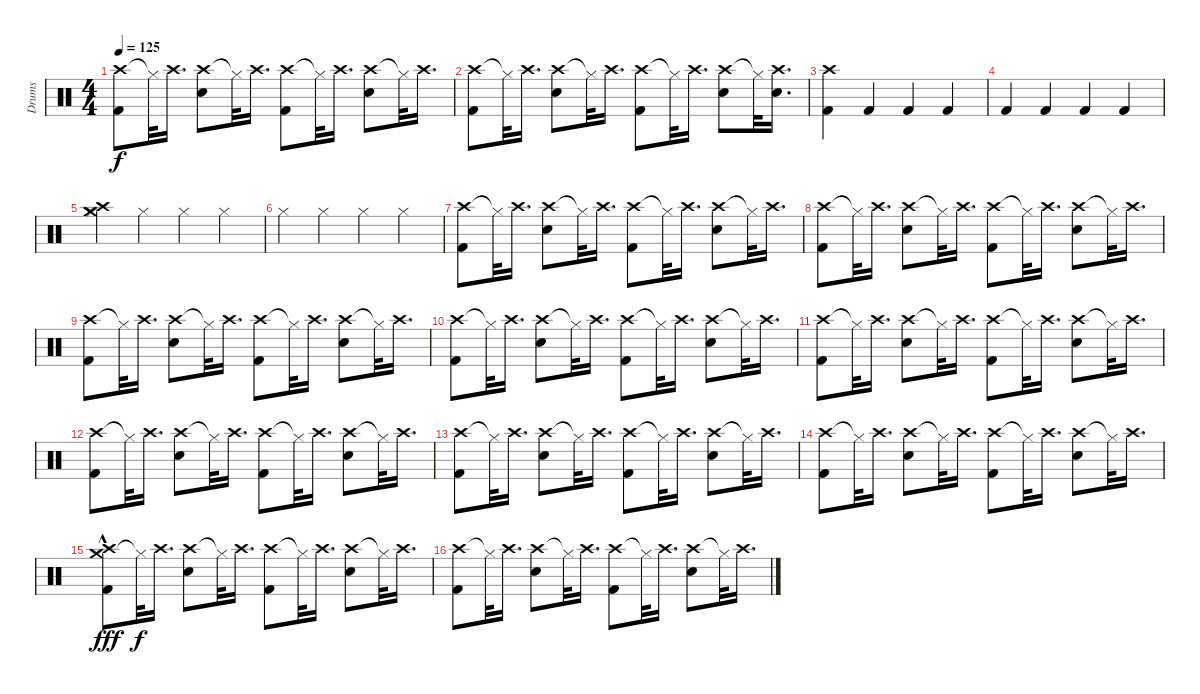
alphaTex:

\track ("Drums" "Drums") {instrument percussion}
\staff {score}
\articulation defaults
\ts (4 4)
\tempo 125
\clef neutral
\ks c
("Crash high (hit)" "Kick (hit) 2").8{dy f} "Hi-Hat (closed)"{t}.32 "Crash high (hit)".16{d} ("Crash high (hit)" "Electric Snare (hit)").8 "Hi-Hat (closed)"{t}.32 "Crash high (hit)".16{d} ("Crash high (hit)" "Kick (hit) 2").8 "Hi-Hat (closed)"{t}.32 "Crash high (hit)".16{d} ("Crash high (hit)" "Electric Snare (hit)").8 "Hi-Hat (closed)"{t}.32 "Crash high (hit)".16{d} |
("Crash high (hit)" "Kick (hit) 2").8 "Hi-Hat (closed)"{t}.32 "Crash high (hit)".16{d} ("Crash high (hit)" "Electric Snare (hit)").8 "Hi-Hat (closed)"{t}.32 "Crash high (hit)".16{d} ("Crash high (hit)" "Kick (hit) 2").8 "Hi-Hat (closed)"{t}.32 "Crash high (hit)".16{d} ("Crash high (hit)" "Electric Snare (hit)").8 "Hi-Hat (closed)"{t}.32 ("Crash high (hit)" "Electric Snare (hit)").16{d} |
("Crash high (hit)" "Kick (hit) 2").4 "Kick (hit) 2".4 "Kick (hit) 2".4 "Kick (hit) 2".4 |
"Kick (hit) 2".4 "Kick (hit) 2".4 "Kick (hit) 2".4 "Kick (hit) 2".4 |
("Crash high (hit)" "Crash medium (hit)" "Hi-Hat (closed)").4 "Hi-Hat (closed)".4 "Hi-Hat (closed)".4 "Hi-Hat (closed)".4 |
"Hi-Hat (closed)".4 "Hi-Hat (closed)".4 "Hi-Hat (closed)".4 "Hi-Hat (closed)".4 |
("Crash high (hit)" "Kick (hit) 2").8 "Hi-Hat (closed)"{t}.32 "Crash high (hit)".16{d} ("Crash high (hit)" "Electric Snare (hit)").8 "Hi-Hat (closed)"{t}.32 "Crash high (hit)".16{d} ("Crash high (hit)" "Kick (hit) 2").8 "Hi-Hat (closed)"{t}.32 "Crash high (hit)".16{d} ("Crash high (hit)" "Electric Snare (hit)").8 "Hi-Hat (closed)"{t}.32 "Crash high (hit)".16{d} |
("Crash high (hit)" "Kick (hit) 2").8 "Hi-Hat (closed)"{t}.32 "Crash high (hit)".16{d} ("Crash high (hit)" "Electric Snare (hit)").8 "Hi-Hat (closed)"{t}.32 "Crash high (hit)".16{d} ("Crash high (hit)" "Kick (hit) 2").8 "Hi-Hat (closed)"{t}.32 "Crash high (hit)".16{d} ("Crash high (hit)" "Electric Snare (hit)").8 "Hi-Hat (closed)"{t}.32 "Crash high (hit)".16{d} |
("Crash high (hit)" "Kick (hit) 2").8 "Hi-Hat (closed)"{t}.32 "Crash high (hit)".16{d} ("Crash high (hit)" "Electric Snare (hit)").8 "Hi-Hat (closed)"{t}.32 "Crash high (hit)".16{d} ("Crash high (hit)" "Kick (hit) 2").8 "Hi-Hat (closed)"{t}.32 "Crash high (hit)".16{d} ("Crash high (hit)" "Electric Snare (hit)").8 "Hi-Hat (closed)"{t}.32 "Crash high (hit)".16{d} |
("Crash high (hit)" "Kick (hit) 2").8 "Hi-Hat (closed)"{t}.32 "Crash high (hit)".16{d} ("Crash high (hit)" "Electric Snare (hit)").8 "Hi-Hat (closed)"{t}.32 "Crash high (hit)".16{d} ("Crash high (hit)" "Kick (hit) 2").8 "Hi-Hat (closed)"{t}.32 "Crash high (hit)".16{d} ("Crash high (hit)" "Electric Snare (hit)").8 "Hi-Hat (closed)"{t}.32 "Crash high (hit)".16{d} |
("Crash high (hit)" "Kick (hit) 2").8 "Hi-Hat (closed)"{t}.32 "Crash high (hit)".16{d} ("Crash high (hit)" "Electric Snare (hit)").8 "Hi-Hat (closed)"{t}.32 "Crash high (hit)".16{d} ("Crash high (hit)" "Kick (hit) 2").8 "Hi-Hat (closed)"{t}.32 "Crash high (hit)".16{d} ("Crash high (hit)" "Electric Snare (hit)").8 "Hi-Hat (closed)"{t}.32 "Crash high (hit)".16{d} |
("Crash high (hit)" "Kick (hit) 2").8 "Hi-Hat (closed)"{t}.32 "Crash high (hit)".16{d} ("Crash high (hit)" "Electric Snare (hit)").8 "Hi-Hat (closed)"{t}.32 "Crash high (hit)".16{d} ("Crash high (hit)" "Kick (hit) 2").8 "Hi-Hat (closed)"{t}.32 "Crash high (hit)".16{d} ("Crash high (hit)" "Electric Snare (hit)").8 "Hi-Hat (closed)"{t}.32 "Crash high (hit)".16{d} |
("Crash high (hit)" "Kick (hit) 2").8 "Hi-Hat (closed)"{t}.32 "Crash high (hit)".16{d} ("Crash high (hit)" "Electric Snare (hit)").8 "Hi-Hat (closed)"{t}.32 "Crash high (hit)".16{d} ("Crash high (hit)" "Kick (hit) 2").8 "Hi-Hat (closed)"{t}.32 "Crash high (hit)".16{d} ("Crash high (hit)" "Electric Snare (hit)").8 "Hi-Hat (closed)"{t}.32 "Crash high (hit)".16{d} |
("Crash high (hit)" "Kick (hit) 2").8 "Hi-Hat (closed)"{t}.32 "Crash high (hit)".16{d} ("Crash high (hit)" "Electric Snare (hit)").8 "Hi-Hat (closed)"{t}.32 "Crash high (hit)".16{d} ("Crash high (hit)" "Kick (hit) 2").8 "Hi-Hat (closed)"{t}.32 "Crash high (hit)".16{d} ("Crash high (hit)" "Electric Snare (hit)").8 "Hi-Hat (closed)"{t}.32 "Crash high (hit)".16{d} |
("Crash medium (hit)"{hac} "Crash high (hit)" "Kick (hit) 2").8{dy fff} "Hi-Hat (closed)"{t}.32{dy f} "Crash high (hit)".16{d} ("Crash high (hit)" "Electric Snare (hit)").8 "Hi-Hat (closed)"{t}.32 "Crash high (hit)".16{d} ("Crash high (hit)" "Kick (hit) 2").8 "Hi-Hat (closed)"{t}.32 "Crash high (hit)".16{d} ("Crash high (hit)" "Electric Snare (hit)").8 "Hi-Hat (closed)"{t}.32 "Crash high (hit)".16{d} |
("Crash high (hit)" "Kick (hit) 2").8 "Hi-Hat (closed)"{t}.32 "Crash high (hit)".16{d} ("Crash high (hit)" "Electric Snare (hit)").8 "Hi-Hat (closed)"{t}.32 "Crash high (hit)".16{d} ("Crash high (hit)" "Kick (hit) 2").8 "Hi-Hat (closed)"{t}.32 "Crash high (hit)".16{d} ("Crash high (hit)" "Electric Snare (hit)").8 "Hi-Hat (closed)"{t}.32 "Crash high (hit)".16{d}
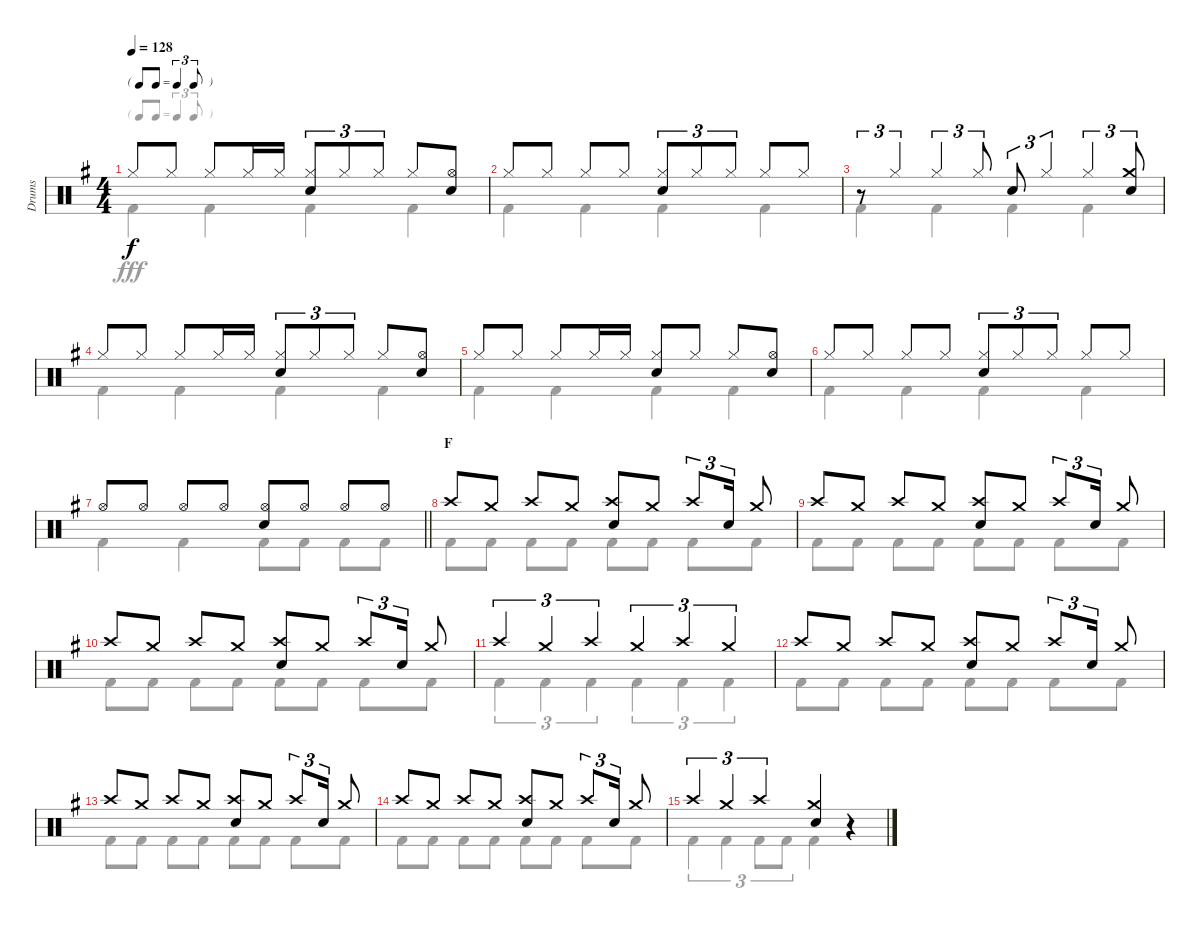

» Exercise brief: Everything in the records above except the pictures is to be reproduced word for word.

» Response:
alphaTex:

\track ("Drums" "Drums") {instrument percussion}
\staff {score}
\articulation defaults
\ts (4 4)
\tempo 125
\clef neutral
\ks c
("Crash high (hit)" "Kick (hit) 2").8{dy f} "Hi-Hat (closed)"{t}.32 "Crash high (hit)".16{d} ("Crash high (hit)" "Electric Snare (hit)").8 "Hi-Hat (closed)"{t}.32 "Crash high (hit)".16{d} ("Crash high (hit)" "Kick (hit) 2").8 "Hi-Hat (closed)"{t}.32 "Crash high (hit)".16{d} ("Crash high (hit)" "Electric Snare (hit)").8 "Hi-Hat (closed)"{t}.32 "Crash high (hit)".16{d} |
("Crash high (hit)" "Kick (hit) 2").8 "Hi-Hat (closed)"{t}.32 "Crash high (hit)".16{d} ("Crash high (hit)" "Electric Snare (hit)").8 "Hi-Hat (closed)"{t}.32 "Crash high (hit)".16{d} ("Crash high (hit)" "Kick (hit) 2").8 "Hi-Hat (closed)"{t}.32 "Crash high (hit)".16{d} ("Crash high (hit)" "Electric Snare (hit)").8 "Hi-Hat (closed)"{t}.32 ("Crash high (hit)" "Electric Snare (hit)").16{d} |
("Crash high (hit)" "Kick (hit) 2").4 "Kick (hit) 2".4 "Kick (hit) 2".4 "Kick (hit) 2".4 |
"Kick (hit) 2".4 "Kick (hit) 2".4 "Kick (hit) 2".4 "Kick (hit) 2".4 |
("Crash high (hit)" "Crash medium (hit)" "Hi-Hat (closed)").4 "Hi-Hat (closed)".4 "Hi-Hat (closed)".4 "Hi-Hat (closed)".4 |
"Hi-Hat (closed)".4 "Hi-Hat (closed)".4 "Hi-Hat (closed)".4 "Hi-Hat (closed)".4 |
("Crash high (hit)" "Kick (hit) 2").8 "Hi-Hat (closed)"{t}.32 "Crash high (hit)".16{d} ("Crash high (hit)" "Electric Snare (hit)").8 "Hi-Hat (closed)"{t}.32 "Crash high (hit)".16{d} ("Crash high (hit)" "Kick (hit) 2").8 "Hi-Hat (closed)"{t}.32 "Crash high (hit)".16{d} ("Crash high (hit)" "Electric Snare (hit)").8 "Hi-Hat (closed)"{t}.32 "Crash high (hit)".16{d} |
("Crash high (hit)" "Kick (hit) 2").8 "Hi-Hat (closed)"{t}.32 "Crash high (hit)".16{d} ("Crash high (hit)" "Electric Snare (hit)").8 "Hi-Hat (closed)"{t}.32 "Crash high (hit)".16{d} ("Crash high (hit)" "Kick (hit) 2").8 "Hi-Hat (closed)"{t}.32 "Crash high (hit)".16{d} ("Crash high (hit)" "Electric Snare (hit)").8 "Hi-Hat (closed)"{t}.32 "Crash high (hit)".16{d} |
("Crash high (hit)" "Kick (hit) 2").8 "Hi-Hat (closed)"{t}.32 "Crash high (hit)".16{d} ("Crash high (hit)" "Electric Snare (hit)").8 "Hi-Hat (closed)"{t}.32 "Crash high (hit)".16{d} ("Crash high (hit)" "Kick (hit) 2").8 "Hi-Hat (closed)"{t}.32 "Crash high (hit)".16{d} ("Crash high (hit)" "Electric Snare (hit)").8 "Hi-Hat (closed)"{t}.32 "Crash high (hit)".16{d} |
("Crash high (hit)" "Kick (hit) 2").8 "Hi-Hat (closed)"{t}.32 "Crash high (hit)".16{d} ("Crash high (hit)" "Electric Snare (hit)").8 "Hi-Hat (closed)"{t}.32 "Crash high (hit)".16{d} ("Crash high (hit)" "Kick (hit) 2").8 "Hi-Hat (closed)"{t}.32 "Crash high (hit)".16{d} ("Crash high (hit)" "Electric Snare (hit)").8 "Hi-Hat (closed)"{t}.32 "Crash high (hit)".16{d} |
("Crash high (hit)" "Kick (hit) 2").8 "Hi-Hat (closed)"{t}.32 "Crash high (hit)".16{d} ("Crash high (hit)" "Electric Snare (hit)").8 "Hi-Hat (closed)"{t}.32 "Crash high (hit)".16{d} ("Crash high (hit)" "Kick (hit) 2").8 "Hi-Hat (closed)"{t}.32 "Crash high (hit)".16{d} ("Crash high (hit)" "Electric Snare (hit)").8 "Hi-Hat (closed)"{t}.32 "Crash high (hit)".16{d} |
("Crash high (hit)" "Kick (hit) 2").8 "Hi-Hat (closed)"{t}.32 "Crash high (hit)".16{d} ("Crash high (hit)" "Electric Snare (hit)").8 "Hi-Hat (closed)"{t}.32 "Crash high (hit)".16{d} ("Crash high (hit)" "Kick (hit) 2").8 "Hi-Hat (closed)"{t}.32 "Crash high (hit)".16{d} ("Crash high (hit)" "Electric Snare (hit)").8 "Hi-Hat (closed)"{t}.32 "Crash high (hit)".16{d} |
("Crash high (hit)" "Kick (hit) 2").8 "Hi-Hat (closed)"{t}.32 "Crash high (hit)".16{d} ("Crash high (hit)" "Electric Snare (hit)").8 "Hi-Hat (closed)"{t}.32 "Crash high (hit)".16{d} ("Crash high (hit)" "Kick (hit) 2").8 "Hi-Hat (closed)"{t}.32 "Crash high (hit)".16{d} ("Crash high (hit)" "Electric Snare (hit)").8 "Hi-Hat (closed)"{t}.32 "Crash high (hit)".16{d} |
("Crash high (hit)" "Kick (hit) 2").8 "Hi-Hat (closed)"{t}.32 "Crash high (hit)".16{d} ("Crash high (hit)" "Electric Snare (hit)").8 "Hi-Hat (closed)"{t}.32 "Crash high (hit)".16{d} ("Crash high (hit)" "Kick (hit) 2").8 "Hi-Hat (closed)"{t}.32 "Crash high (hit)".16{d} ("Crash high (hit)" "Electric Snare (hit)").8 "Hi-Hat (closed)"{t}.32 "Crash high (hit)".16{d} |
("Crash medium (hit)"{hac} "Crash high (hit)" "Kick (hit) 2").8{dy fff} "Hi-Hat (closed)"{t}.32{dy f} "Crash high (hit)".16{d} ("Crash high (hit)" "Electric Snare (hit)").8 "Hi-Hat (closed)"{t}.32 "Crash high (hit)".16{d} ("Crash high (hit)" "Kick (hit) 2").8 "Hi-Hat (closed)"{t}.32 "Crash high (hit)".16{d} ("Crash high (hit)" "Electric Snare (hit)").8 "Hi-Hat (closed)"{t}.32 "Crash high (hit)".16{d} |
("Crash high (hit)" "Kick (hit) 2").8 "Hi-Hat (closed)"{t}.32 "Crash high (hit)".16{d} ("Crash high (hit)" "Electric Snare (hit)").8 "Hi-Hat (closed)"{t}.32 "Crash high (hit)".16{d} ("Crash high (hit)" "Kick (hit) 2").8 "Hi-Hat (closed)"{t}.32 "Crash high (hit)".16{d} ("Crash high (hit)" "Electric Snare (hit)").8 "Hi-Hat (closed)"{t}.32 "Crash high (hit)".16{d}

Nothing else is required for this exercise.